Esta tragedia inesperada, desatada cual fuego a partir de un pequeña chispa en el país que inventó la pólvora, ha venido a traer muchas dudas pero también algunas certezas. Las dudas no cesan e, incluso, se incrementarán, pero las certezas pueden ser el ancla de este navío que parece ir a la deriva o, incluso, hundirse como resultado de los torpedos que el egoísmo del ser humano, bañado en el barniz falaz de una globalización cruel, ha desatado contra su propia especie.

Todo lo que fue parece que ya no es o tendrá que ser de otra forma. Los abrazos, los besos, las caricias, alimentos del amor cotidiano, irán a menos durante un tiempo y esperemos que, a fuerza de no practicarlos, no los olvidemos. El automóvil del aprecio no funciona sin esa gasolina.

Dábamos muchas cosas por sentado y hemos visto que son prestadas por el destino o la suerte y que, en un momento dado, todo salta por los aires en una explosión donde lo más simple es, casi siempre, lo más preciado. Tiempos de cambio, asumiendo que no podemos seguir así y aceptando que nadie tiene una solución brillante. Necesitamos parar, respirar, mirar a los demás para ver si están bien y seguir adelante. La hoja de ruta ya no puede ser diseñada en beneficio de unos pocos sino pensando en la mayoría. Ése, y no otro, es el mayor reto.
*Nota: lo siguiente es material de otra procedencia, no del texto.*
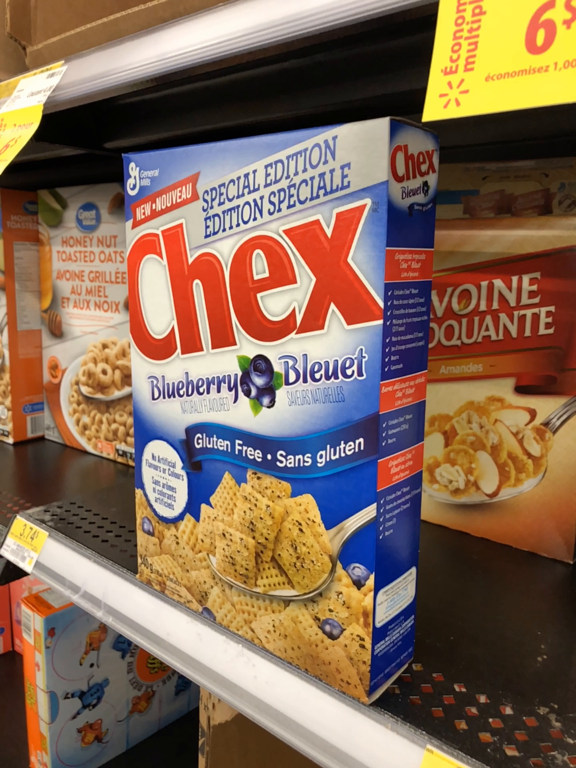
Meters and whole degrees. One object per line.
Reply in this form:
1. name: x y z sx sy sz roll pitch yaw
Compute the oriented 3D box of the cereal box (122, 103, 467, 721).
1. cereal box: -0.010 0.007 0.379 0.200 0.289 0.060 10 14 41
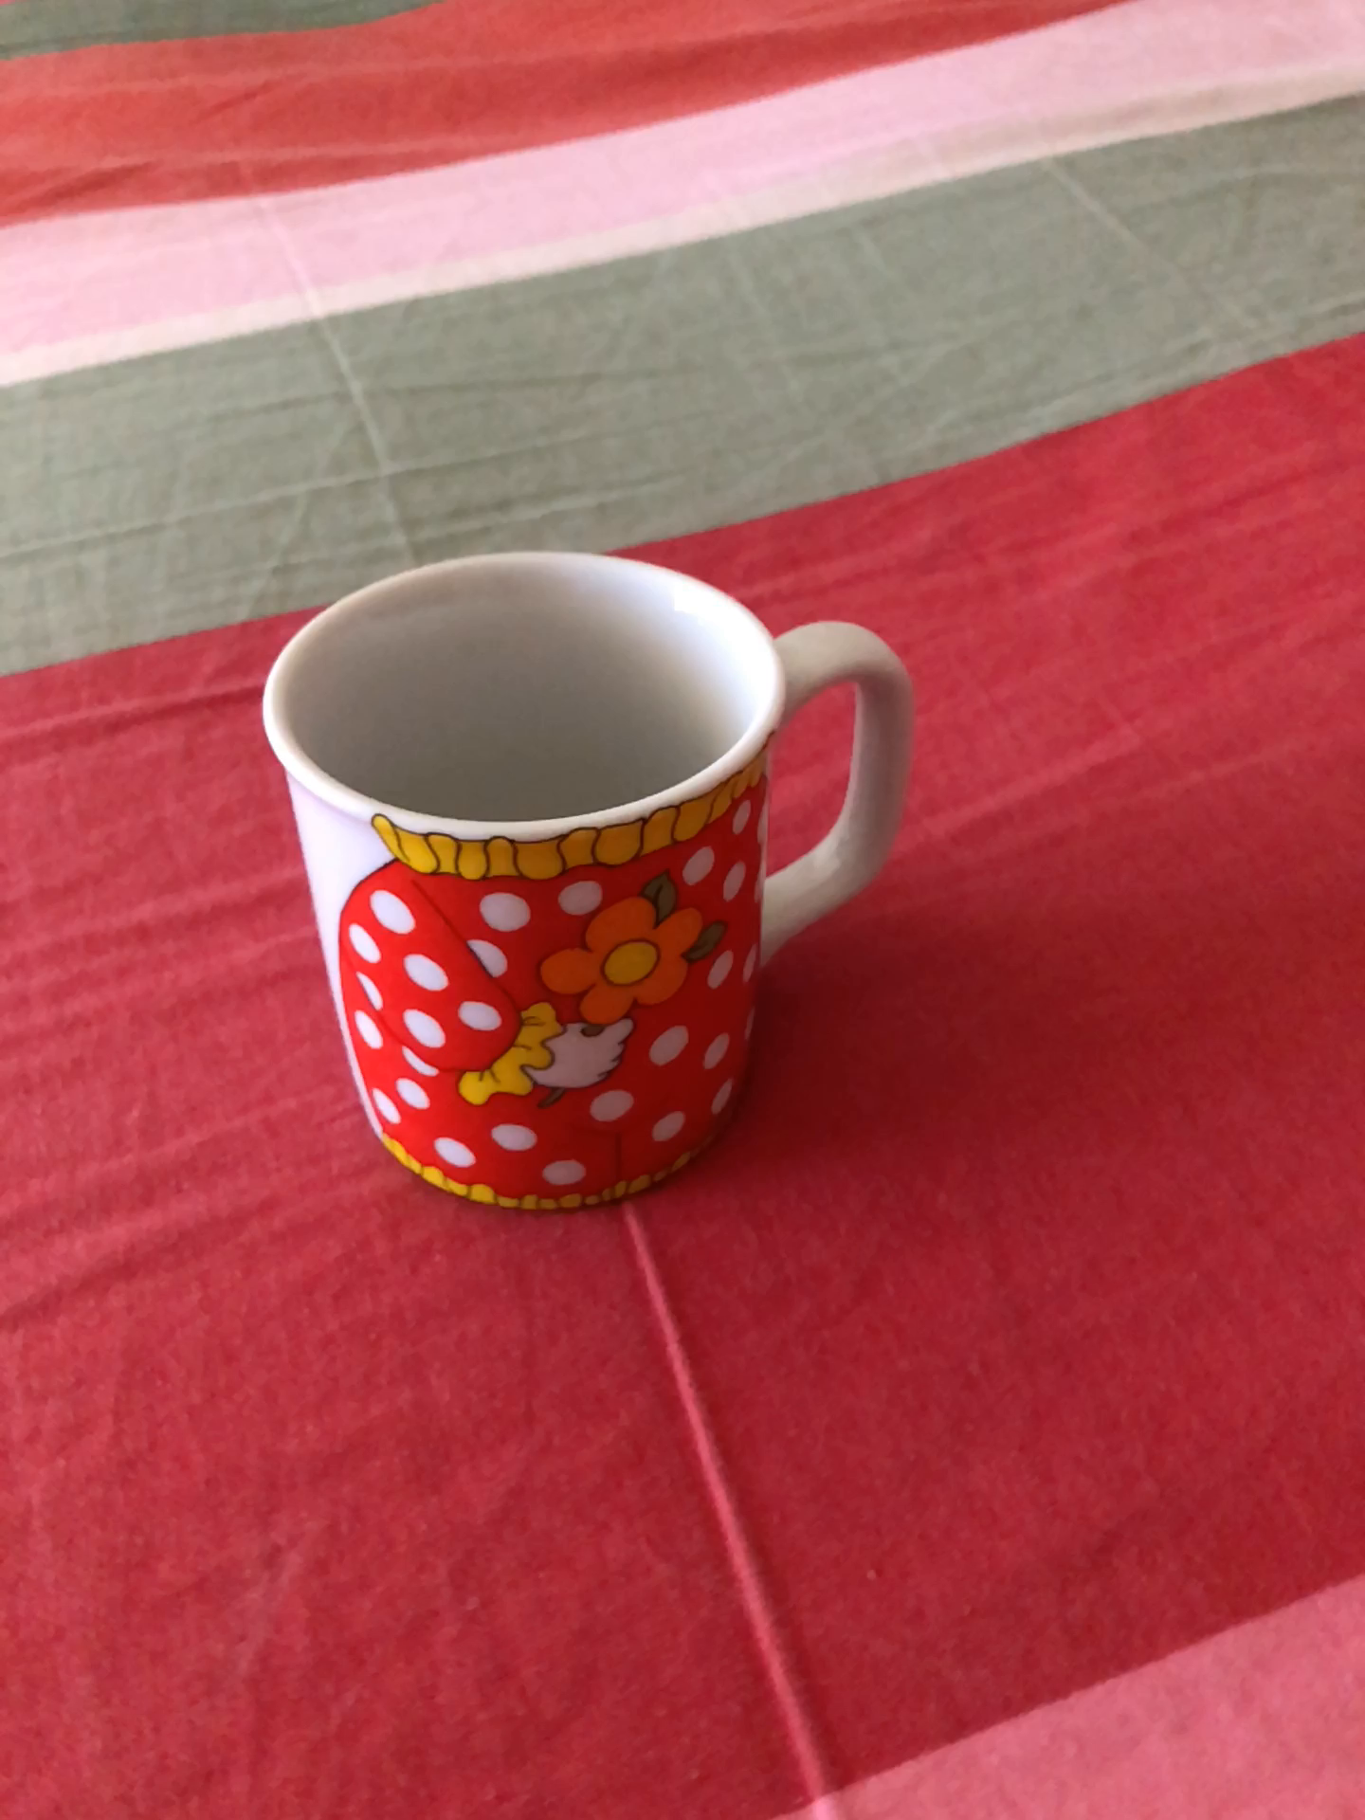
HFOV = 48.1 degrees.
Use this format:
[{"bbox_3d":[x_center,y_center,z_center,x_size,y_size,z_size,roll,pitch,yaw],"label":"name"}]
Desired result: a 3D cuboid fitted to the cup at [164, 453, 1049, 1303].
[{"bbox_3d":[-0.014,-0.013,0.280,0.116,0.086,0.089,-24,48,-26],"label":"cup"}]

Muchas dudas, es cierto, pero también algunas certezas. Hemos visto a gente que da lo mejor de sí, individuos desconocidos para la mayoría, vestidos con batas blancas de bondad o con uniformes de grandeza mientras esperas tu turno en una cola de un supermercado. Anónimos que conducen camiones a cualquier hora del día o de la noche mientras sus ojeras de cansancio son borradas por el convencimiento de que a nadie le faltará la comida mañana.

Vecinos, que sólo rozabas con un buenos días, poniendo carteles en la entrada del edificio para hacer ver que quieren ayudar y dibujando así la grandeza de su corazón. Pequeños actos individuales, en fin, que parecen diseñados para crear una colectividad mejor.
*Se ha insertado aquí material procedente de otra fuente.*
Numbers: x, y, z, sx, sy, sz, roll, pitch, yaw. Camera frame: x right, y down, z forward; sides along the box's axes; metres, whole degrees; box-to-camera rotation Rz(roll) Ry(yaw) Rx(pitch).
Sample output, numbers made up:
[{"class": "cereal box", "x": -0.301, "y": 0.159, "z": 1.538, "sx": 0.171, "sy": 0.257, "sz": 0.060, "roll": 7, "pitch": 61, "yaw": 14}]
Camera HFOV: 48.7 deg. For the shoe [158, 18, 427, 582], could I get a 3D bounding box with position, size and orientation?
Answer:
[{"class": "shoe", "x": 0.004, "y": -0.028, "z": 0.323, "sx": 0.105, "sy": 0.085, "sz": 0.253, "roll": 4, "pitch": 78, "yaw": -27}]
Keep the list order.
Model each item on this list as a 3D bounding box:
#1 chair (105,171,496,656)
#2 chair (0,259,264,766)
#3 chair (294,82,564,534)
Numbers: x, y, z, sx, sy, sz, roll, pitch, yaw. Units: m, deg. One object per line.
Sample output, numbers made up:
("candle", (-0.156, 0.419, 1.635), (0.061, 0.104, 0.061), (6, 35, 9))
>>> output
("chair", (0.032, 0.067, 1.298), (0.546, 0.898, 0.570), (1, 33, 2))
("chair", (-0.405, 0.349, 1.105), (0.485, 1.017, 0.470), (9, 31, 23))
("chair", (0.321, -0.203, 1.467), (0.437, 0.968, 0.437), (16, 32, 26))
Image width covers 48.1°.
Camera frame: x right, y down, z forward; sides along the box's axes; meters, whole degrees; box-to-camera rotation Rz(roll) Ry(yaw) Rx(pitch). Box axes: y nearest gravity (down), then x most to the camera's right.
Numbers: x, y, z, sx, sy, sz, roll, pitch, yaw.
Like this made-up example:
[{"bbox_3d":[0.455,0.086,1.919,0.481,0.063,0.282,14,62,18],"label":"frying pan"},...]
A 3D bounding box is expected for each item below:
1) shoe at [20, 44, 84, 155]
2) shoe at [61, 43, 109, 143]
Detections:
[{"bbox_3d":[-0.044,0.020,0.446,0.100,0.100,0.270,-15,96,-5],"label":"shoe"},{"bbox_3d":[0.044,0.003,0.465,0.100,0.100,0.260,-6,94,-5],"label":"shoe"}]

Hace falta esperanza y contar historias que te abriguen el alma. Hace unos días me llegaba un audio, cosas de las redes sociales, en el que una profesora hacía ver que tuvo que desplazarse, de forma individual y responsable, con mascarilla y guantes, para buscar material con el que atender a sus alumnos de la mejor manera posible. 
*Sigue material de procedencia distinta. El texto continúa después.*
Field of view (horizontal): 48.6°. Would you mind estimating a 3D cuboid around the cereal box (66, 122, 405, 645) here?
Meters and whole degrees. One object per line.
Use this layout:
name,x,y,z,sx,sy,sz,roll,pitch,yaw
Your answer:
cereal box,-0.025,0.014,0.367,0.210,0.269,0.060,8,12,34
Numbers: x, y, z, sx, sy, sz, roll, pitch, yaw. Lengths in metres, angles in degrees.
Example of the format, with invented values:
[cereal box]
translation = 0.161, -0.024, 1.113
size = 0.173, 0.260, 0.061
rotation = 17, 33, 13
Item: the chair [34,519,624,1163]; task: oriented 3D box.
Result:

Ella se había trasladado a casa de sus padres para cuidarlos e iba a su piso a buscar dicho material. La policía la paró y le pidió explicaciones. Ella, asumiendo la posible multa, contó la verdad y esperó la sanción. El agente sonrió y dijo que siguiera porque ella también merecía un aplauso, que él tenía hijos y sabía que sus profesores los atendían a cualquier hora del día. No hubo multa, como digo, sino que los dos policías aplaudieron a la profesora.Necesitamos gente así. La disciplina debe ser bordeada si el fin es ayudar y si no se pone en peligro a nadie.

El sentido común, ya saben que es mi Dios particular, tiene que empezar a ser el más común de los sentidos.
¿Y qué me dicen de los niños? Muchos ya tenemos una edad y las energías no son las de antes. Parecemos otros porque los días de la plenitud se perfilan en el pasado, lejanos ya ante la certeza de que, como diría Oscar Wilde, la juventud es lo único que merece la pena poseerse.

Los niños, al contrario, están cargados de vida, de inseguridades y de exploraciones. Necesitan salir y relacionarse, juntarse y comunicar para, después, volver a ser uno solo , reflexionando y creando así la personalidad. Están haciendo un esfuerzo ya que no están diseñados a esas edades para aguantar todo esto. Uno, curtido ya en mil batallas, emplea la fuerza de voluntad para negar los deseos pero no se le puede pedir algo así a un niño de ocho años.

Y, sin embargo, lo hacen. Son obedientes a sus padres, siguen las reglas que no entienden porque, quizás, y sólo quizás, algo les dice en su interior que su sacrificio hará que disfruten durante más tiempo de las caricias y mimos de sus abuelos. Y ahí siguen, diciendo sí a lo que dice Mamá y Papá, dibujando sonrisas dirigidas a los padres de sus padres, sonrisas llenas de “te quiero”, conscientes de que no existen virus que puedan destruir el amor.